In DetectionOnly mode I don't expect any effect on the traffic flowing through the WAF, only logging if any rules are broken

Actual result

• I'm running with an WithErrorCallback logger specified but without a WithDebugLogger
• I don't see any logs from the WAF to say that a rule has been triggered
• however on some requests the response code is modified from 201 to 200 (which causes downstream problems)

[jcchavezs]

Detection mode isn't supposed to perform any change in the request/response.

If it was the line you mentioned it must be a rule with action DENY and that sets code to 201. My suggestion is you enable debugLogger to see what are the logs around the blocking and possibly work out a feature that @airween mentioned a couple of times where we enable a feature in http middleware to return the matched rule in the response.

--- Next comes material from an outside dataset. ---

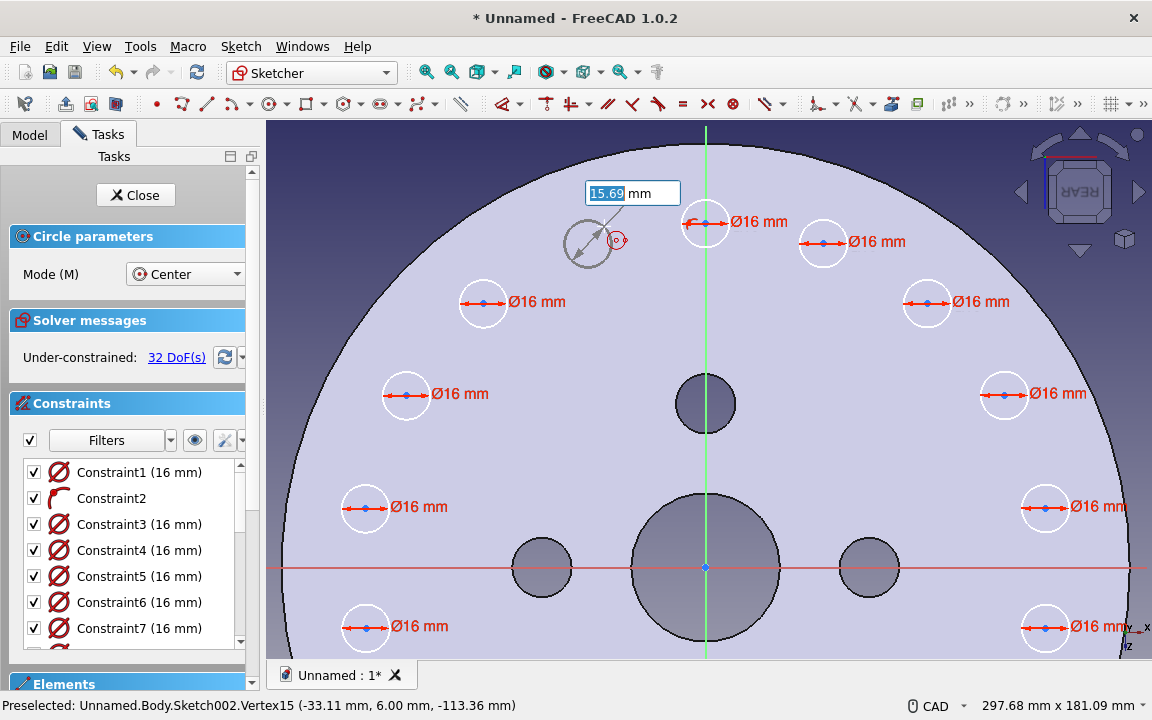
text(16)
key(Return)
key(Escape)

Related to https://github.com/corazawaf/coraza/issues/711

[jcchavezs]

You can do something like

package main

import (
    "context"
    "fmt"
    "log"
    "net/http"
    "os"
    "strings"

    "github.com/corazawaf/coraza/v3"
    txhttp "github.com/corazawaf/coraza/v3/http"
    "github.com/corazawaf/coraza/v3/types"
)

type reqIDKey struct{}

func requestIDWrap(next http.Handler) http.Handler {
    return http.HandlerFunc(func(w http.ResponseWriter, req *http.Request) {
        requestID := req.Header.Get("X-Request-ID")
        if requestID == "" {
            next.ServeHTTP(w, req)
        }

        ctx := context.WithValue(req.Context(), reqIDKey{}, requestID)
        next.ServeHTTP(w, req.WithContext(ctx))
    })
}

func exampleHandler(w http.ResponseWriter, req *http.Request) {
    w.Header().Set("Content-Type", "text/plain")
    resBody := "Hello world, transaction not disrupted."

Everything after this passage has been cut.